(Source data)
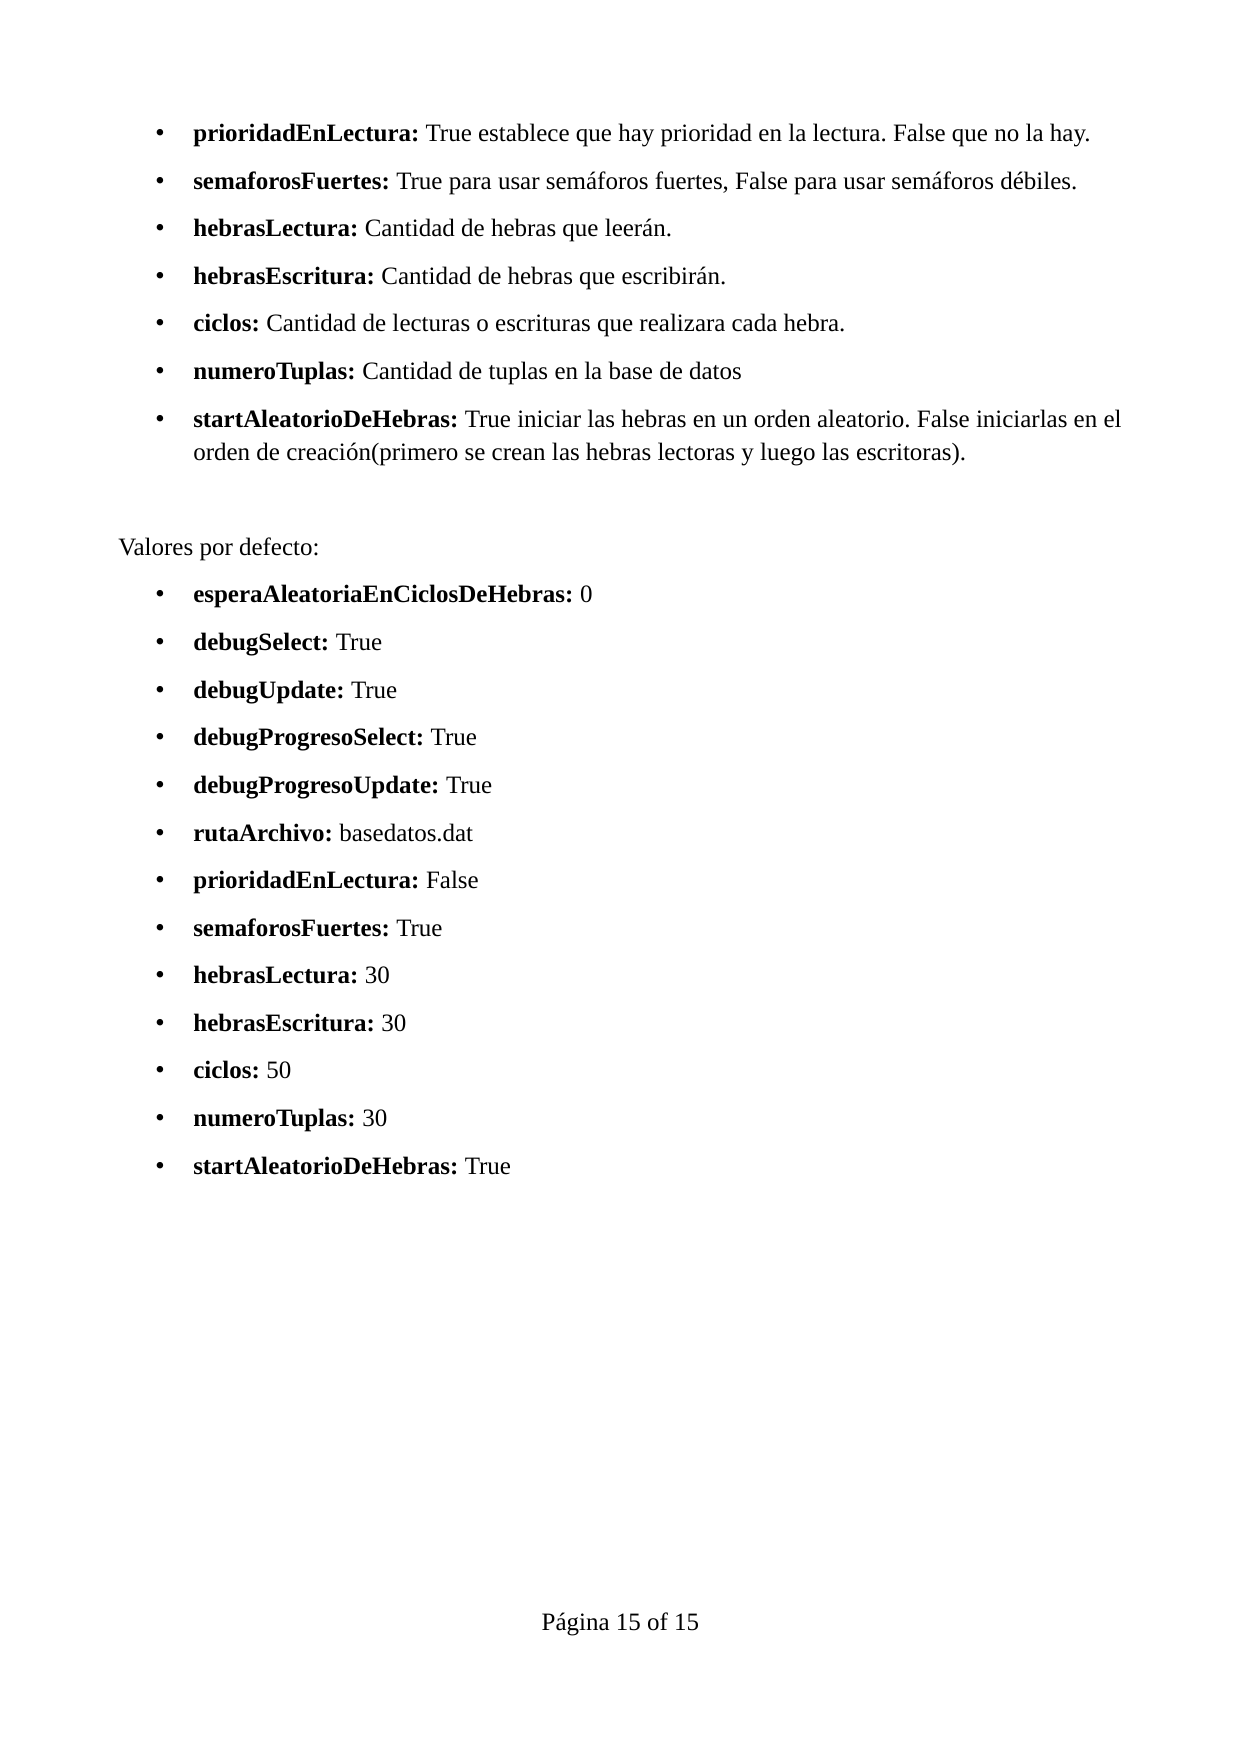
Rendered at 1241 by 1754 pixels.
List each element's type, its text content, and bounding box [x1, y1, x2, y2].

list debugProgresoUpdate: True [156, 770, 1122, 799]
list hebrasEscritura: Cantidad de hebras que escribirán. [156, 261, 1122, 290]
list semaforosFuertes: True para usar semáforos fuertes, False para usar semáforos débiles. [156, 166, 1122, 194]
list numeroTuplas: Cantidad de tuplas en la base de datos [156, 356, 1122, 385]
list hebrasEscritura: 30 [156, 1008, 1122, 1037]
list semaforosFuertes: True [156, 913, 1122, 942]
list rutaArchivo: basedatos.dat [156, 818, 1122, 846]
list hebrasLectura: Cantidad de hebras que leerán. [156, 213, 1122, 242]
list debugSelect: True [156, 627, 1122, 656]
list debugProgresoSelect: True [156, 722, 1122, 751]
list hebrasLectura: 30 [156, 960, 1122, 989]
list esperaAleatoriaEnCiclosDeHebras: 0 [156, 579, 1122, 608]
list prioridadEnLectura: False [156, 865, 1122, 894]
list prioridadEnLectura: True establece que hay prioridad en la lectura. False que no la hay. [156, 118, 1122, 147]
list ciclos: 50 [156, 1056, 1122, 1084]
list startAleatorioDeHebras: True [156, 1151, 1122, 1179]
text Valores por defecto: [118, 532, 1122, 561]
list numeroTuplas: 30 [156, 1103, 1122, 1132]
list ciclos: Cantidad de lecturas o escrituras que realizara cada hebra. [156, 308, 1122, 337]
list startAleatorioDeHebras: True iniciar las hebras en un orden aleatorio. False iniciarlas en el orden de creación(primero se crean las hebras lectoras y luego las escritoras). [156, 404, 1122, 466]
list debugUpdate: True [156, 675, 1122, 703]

- [Task instructions] Copy each line of the preceding data that contains the string "numeroTuplas".

- [Solved problem]
list numeroTuplas: Cantidad de tuplas en la base de datos [156, 356, 1122, 385]
list numeroTuplas: 30 [156, 1103, 1122, 1132]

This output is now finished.